Start of Provided material
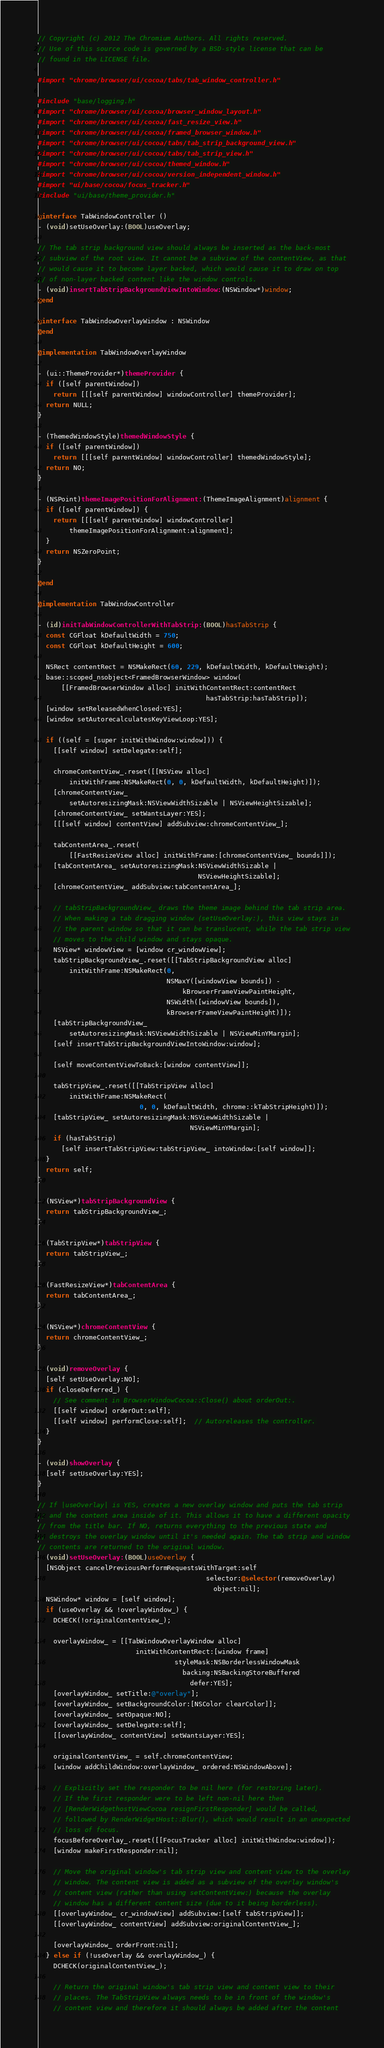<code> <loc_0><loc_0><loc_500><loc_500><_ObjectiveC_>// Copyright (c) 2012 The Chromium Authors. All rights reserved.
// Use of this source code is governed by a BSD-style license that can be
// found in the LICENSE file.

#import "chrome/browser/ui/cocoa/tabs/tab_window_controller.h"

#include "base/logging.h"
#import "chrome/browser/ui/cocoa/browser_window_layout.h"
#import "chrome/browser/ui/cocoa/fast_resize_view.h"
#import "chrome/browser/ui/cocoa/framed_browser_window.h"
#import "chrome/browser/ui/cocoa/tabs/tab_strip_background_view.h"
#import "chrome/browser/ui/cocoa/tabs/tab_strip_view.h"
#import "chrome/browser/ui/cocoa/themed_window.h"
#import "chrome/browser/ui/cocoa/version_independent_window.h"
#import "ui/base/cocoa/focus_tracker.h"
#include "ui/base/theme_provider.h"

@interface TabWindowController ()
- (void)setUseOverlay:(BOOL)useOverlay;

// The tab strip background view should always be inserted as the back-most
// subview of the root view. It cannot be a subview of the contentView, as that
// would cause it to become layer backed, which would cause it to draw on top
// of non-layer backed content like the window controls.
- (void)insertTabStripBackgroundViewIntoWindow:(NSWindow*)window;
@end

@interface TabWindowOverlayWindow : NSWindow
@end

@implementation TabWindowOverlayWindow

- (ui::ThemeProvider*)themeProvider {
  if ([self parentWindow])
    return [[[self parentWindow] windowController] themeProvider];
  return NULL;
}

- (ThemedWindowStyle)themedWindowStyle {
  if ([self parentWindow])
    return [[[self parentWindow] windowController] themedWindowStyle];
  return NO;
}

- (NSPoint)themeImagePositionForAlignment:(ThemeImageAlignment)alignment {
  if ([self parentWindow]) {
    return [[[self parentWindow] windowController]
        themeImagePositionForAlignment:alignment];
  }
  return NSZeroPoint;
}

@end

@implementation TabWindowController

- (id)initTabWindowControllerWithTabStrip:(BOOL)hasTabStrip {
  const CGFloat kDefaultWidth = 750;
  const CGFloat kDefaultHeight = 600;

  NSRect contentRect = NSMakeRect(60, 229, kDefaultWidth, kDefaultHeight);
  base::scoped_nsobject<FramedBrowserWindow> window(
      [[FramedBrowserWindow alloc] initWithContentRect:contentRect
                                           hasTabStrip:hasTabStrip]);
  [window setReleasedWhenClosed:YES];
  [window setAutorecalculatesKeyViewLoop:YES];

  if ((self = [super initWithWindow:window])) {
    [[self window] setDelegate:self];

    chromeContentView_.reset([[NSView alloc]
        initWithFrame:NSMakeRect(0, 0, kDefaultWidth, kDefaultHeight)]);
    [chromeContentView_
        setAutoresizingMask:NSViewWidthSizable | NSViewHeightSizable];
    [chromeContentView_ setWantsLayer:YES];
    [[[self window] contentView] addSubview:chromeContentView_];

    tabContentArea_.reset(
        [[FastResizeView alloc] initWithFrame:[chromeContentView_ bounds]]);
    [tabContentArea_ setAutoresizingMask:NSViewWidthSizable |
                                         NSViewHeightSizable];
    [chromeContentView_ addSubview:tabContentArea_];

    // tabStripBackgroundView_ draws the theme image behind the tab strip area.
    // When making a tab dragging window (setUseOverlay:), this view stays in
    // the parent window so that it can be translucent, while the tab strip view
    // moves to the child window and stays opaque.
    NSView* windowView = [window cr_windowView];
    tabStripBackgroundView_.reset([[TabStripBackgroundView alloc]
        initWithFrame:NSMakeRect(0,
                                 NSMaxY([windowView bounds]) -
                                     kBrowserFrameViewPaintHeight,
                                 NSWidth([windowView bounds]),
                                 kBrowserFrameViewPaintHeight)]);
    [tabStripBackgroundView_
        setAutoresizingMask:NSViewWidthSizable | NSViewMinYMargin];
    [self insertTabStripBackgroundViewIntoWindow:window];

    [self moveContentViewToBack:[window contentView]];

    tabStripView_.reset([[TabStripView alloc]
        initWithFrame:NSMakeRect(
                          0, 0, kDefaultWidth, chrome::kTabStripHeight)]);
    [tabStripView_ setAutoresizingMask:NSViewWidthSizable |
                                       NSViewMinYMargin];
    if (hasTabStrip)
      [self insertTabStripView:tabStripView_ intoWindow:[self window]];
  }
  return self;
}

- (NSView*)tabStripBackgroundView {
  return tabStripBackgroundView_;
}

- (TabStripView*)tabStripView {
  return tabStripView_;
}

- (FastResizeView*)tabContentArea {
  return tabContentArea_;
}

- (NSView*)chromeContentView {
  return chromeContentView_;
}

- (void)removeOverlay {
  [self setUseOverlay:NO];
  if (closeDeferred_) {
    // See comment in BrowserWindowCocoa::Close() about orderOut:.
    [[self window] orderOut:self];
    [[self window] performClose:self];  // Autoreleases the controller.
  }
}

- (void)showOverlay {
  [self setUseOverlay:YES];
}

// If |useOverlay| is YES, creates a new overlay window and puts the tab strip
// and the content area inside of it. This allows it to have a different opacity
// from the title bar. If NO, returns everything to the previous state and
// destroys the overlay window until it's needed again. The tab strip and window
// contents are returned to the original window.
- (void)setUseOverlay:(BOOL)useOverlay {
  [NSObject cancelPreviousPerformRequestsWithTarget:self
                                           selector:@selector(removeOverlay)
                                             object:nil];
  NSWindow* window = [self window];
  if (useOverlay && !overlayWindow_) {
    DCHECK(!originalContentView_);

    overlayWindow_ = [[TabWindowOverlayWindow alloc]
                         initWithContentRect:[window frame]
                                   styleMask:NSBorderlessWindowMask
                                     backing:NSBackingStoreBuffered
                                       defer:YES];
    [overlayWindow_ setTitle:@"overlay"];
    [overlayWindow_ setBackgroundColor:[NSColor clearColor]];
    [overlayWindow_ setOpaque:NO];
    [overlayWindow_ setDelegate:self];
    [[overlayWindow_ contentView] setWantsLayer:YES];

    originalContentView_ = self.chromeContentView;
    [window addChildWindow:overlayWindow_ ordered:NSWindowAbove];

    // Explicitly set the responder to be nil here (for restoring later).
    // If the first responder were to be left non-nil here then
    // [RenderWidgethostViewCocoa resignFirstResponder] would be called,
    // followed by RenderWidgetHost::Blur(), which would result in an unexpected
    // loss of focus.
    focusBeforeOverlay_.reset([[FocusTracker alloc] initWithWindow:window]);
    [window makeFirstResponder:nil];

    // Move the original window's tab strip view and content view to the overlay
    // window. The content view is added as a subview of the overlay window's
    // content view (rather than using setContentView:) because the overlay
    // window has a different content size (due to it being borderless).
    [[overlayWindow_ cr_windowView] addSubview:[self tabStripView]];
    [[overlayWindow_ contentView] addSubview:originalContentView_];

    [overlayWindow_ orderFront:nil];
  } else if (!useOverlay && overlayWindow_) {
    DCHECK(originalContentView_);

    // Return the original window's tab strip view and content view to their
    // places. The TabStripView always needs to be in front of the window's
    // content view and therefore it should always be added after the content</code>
End of Provided material
Your output must match the records word for word, apart from the images, which are left out.

# Exercise solution:
<code> <loc_0><loc_0><loc_500><loc_500><_ObjectiveC_>// Copyright (c) 2012 The Chromium Authors. All rights reserved.
// Use of this source code is governed by a BSD-style license that can be
// found in the LICENSE file.

#import "chrome/browser/ui/cocoa/tabs/tab_window_controller.h"

#include "base/logging.h"
#import "chrome/browser/ui/cocoa/browser_window_layout.h"
#import "chrome/browser/ui/cocoa/fast_resize_view.h"
#import "chrome/browser/ui/cocoa/framed_browser_window.h"
#import "chrome/browser/ui/cocoa/tabs/tab_strip_background_view.h"
#import "chrome/browser/ui/cocoa/tabs/tab_strip_view.h"
#import "chrome/browser/ui/cocoa/themed_window.h"
#import "chrome/browser/ui/cocoa/version_independent_window.h"
#import "ui/base/cocoa/focus_tracker.h"
#include "ui/base/theme_provider.h"

@interface TabWindowController ()
- (void)setUseOverlay:(BOOL)useOverlay;

// The tab strip background view should always be inserted as the back-most
// subview of the root view. It cannot be a subview of the contentView, as that
// would cause it to become layer backed, which would cause it to draw on top
// of non-layer backed content like the window controls.
- (void)insertTabStripBackgroundViewIntoWindow:(NSWindow*)window;
@end

@interface TabWindowOverlayWindow : NSWindow
@end

@implementation TabWindowOverlayWindow

- (ui::ThemeProvider*)themeProvider {
  if ([self parentWindow])
    return [[[self parentWindow] windowController] themeProvider];
  return NULL;
}

- (ThemedWindowStyle)themedWindowStyle {
  if ([self parentWindow])
    return [[[self parentWindow] windowController] themedWindowStyle];
  return NO;
}

- (NSPoint)themeImagePositionForAlignment:(ThemeImageAlignment)alignment {
  if ([self parentWindow]) {
    return [[[self parentWindow] windowController]
        themeImagePositionForAlignment:alignment];
  }
  return NSZeroPoint;
}

@end

@implementation TabWindowController

- (id)initTabWindowControllerWithTabStrip:(BOOL)hasTabStrip {
  const CGFloat kDefaultWidth = 750;
  const CGFloat kDefaultHeight = 600;

  NSRect contentRect = NSMakeRect(60, 229, kDefaultWidth, kDefaultHeight);
  base::scoped_nsobject<FramedBrowserWindow> window(
      [[FramedBrowserWindow alloc] initWithContentRect:contentRect
                                           hasTabStrip:hasTabStrip]);
  [window setReleasedWhenClosed:YES];
  [window setAutorecalculatesKeyViewLoop:YES];

  if ((self = [super initWithWindow:window])) {
    [[self window] setDelegate:self];

    chromeContentView_.reset([[NSView alloc]
        initWithFrame:NSMakeRect(0, 0, kDefaultWidth, kDefaultHeight)]);
    [chromeContentView_
        setAutoresizingMask:NSViewWidthSizable | NSViewHeightSizable];
    [chromeContentView_ setWantsLayer:YES];
    [[[self window] contentView] addSubview:chromeContentView_];

    tabContentArea_.reset(
        [[FastResizeView alloc] initWithFrame:[chromeContentView_ bounds]]);
    [tabContentArea_ setAutoresizingMask:NSViewWidthSizable |
                                         NSViewHeightSizable];
    [chromeContentView_ addSubview:tabContentArea_];

    // tabStripBackgroundView_ draws the theme image behind the tab strip area.
    // When making a tab dragging window (setUseOverlay:), this view stays in
    // the parent window so that it can be translucent, while the tab strip view
    // moves to the child window and stays opaque.
    NSView* windowView = [window cr_windowView];
    tabStripBackgroundView_.reset([[TabStripBackgroundView alloc]
        initWithFrame:NSMakeRect(0,
                                 NSMaxY([windowView bounds]) -
                                     kBrowserFrameViewPaintHeight,
                                 NSWidth([windowView bounds]),
                                 kBrowserFrameViewPaintHeight)]);
    [tabStripBackgroundView_
        setAutoresizingMask:NSViewWidthSizable | NSViewMinYMargin];
    [self insertTabStripBackgroundViewIntoWindow:window];

    [self moveContentViewToBack:[window contentView]];

    tabStripView_.reset([[TabStripView alloc]
        initWithFrame:NSMakeRect(
                          0, 0, kDefaultWidth, chrome::kTabStripHeight)]);
    [tabStripView_ setAutoresizingMask:NSViewWidthSizable |
                                       NSViewMinYMargin];
    if (hasTabStrip)
      [self insertTabStripView:tabStripView_ intoWindow:[self window]];
  }
  return self;
}

- (NSView*)tabStripBackgroundView {
  return tabStripBackgroundView_;
}

- (TabStripView*)tabStripView {
  return tabStripView_;
}

- (FastResizeView*)tabContentArea {
  return tabContentArea_;
}

- (NSView*)chromeContentView {
  return chromeContentView_;
}

- (void)removeOverlay {
  [self setUseOverlay:NO];
  if (closeDeferred_) {
    // See comment in BrowserWindowCocoa::Close() about orderOut:.
    [[self window] orderOut:self];
    [[self window] performClose:self];  // Autoreleases the controller.
  }
}

- (void)showOverlay {
  [self setUseOverlay:YES];
}

// If |useOverlay| is YES, creates a new overlay window and puts the tab strip
// and the content area inside of it. This allows it to have a different opacity
// from the title bar. If NO, returns everything to the previous state and
// destroys the overlay window until it's needed again. The tab strip and window
// contents are returned to the original window.
- (void)setUseOverlay:(BOOL)useOverlay {
  [NSObject cancelPreviousPerformRequestsWithTarget:self
                                           selector:@selector(removeOverlay)
                                             object:nil];
  NSWindow* window = [self window];
  if (useOverlay && !overlayWindow_) {
    DCHECK(!originalContentView_);

    overlayWindow_ = [[TabWindowOverlayWindow alloc]
                         initWithContentRect:[window frame]
                                   styleMask:NSBorderlessWindowMask
                                     backing:NSBackingStoreBuffered
                                       defer:YES];
    [overlayWindow_ setTitle:@"overlay"];
    [overlayWindow_ setBackgroundColor:[NSColor clearColor]];
    [overlayWindow_ setOpaque:NO];
    [overlayWindow_ setDelegate:self];
    [[overlayWindow_ contentView] setWantsLayer:YES];

    originalContentView_ = self.chromeContentView;
    [window addChildWindow:overlayWindow_ ordered:NSWindowAbove];

    // Explicitly set the responder to be nil here (for restoring later).
    // If the first responder were to be left non-nil here then
    // [RenderWidgethostViewCocoa resignFirstResponder] would be called,
    // followed by RenderWidgetHost::Blur(), which would result in an unexpected
    // loss of focus.
    focusBeforeOverlay_.reset([[FocusTracker alloc] initWithWindow:window]);
    [window makeFirstResponder:nil];

    // Move the original window's tab strip view and content view to the overlay
    // window. The content view is added as a subview of the overlay window's
    // content view (rather than using setContentView:) because the overlay
    // window has a different content size (due to it being borderless).
    [[overlayWindow_ cr_windowView] addSubview:[self tabStripView]];
    [[overlayWindow_ contentView] addSubview:originalContentView_];

    [overlayWindow_ orderFront:nil];
  } else if (!useOverlay && overlayWindow_) {
    DCHECK(originalContentView_);

    // Return the original window's tab strip view and content view to their
    // places. The TabStripView always needs to be in front of the window's
    // content view and therefore it should always be added after the content</code>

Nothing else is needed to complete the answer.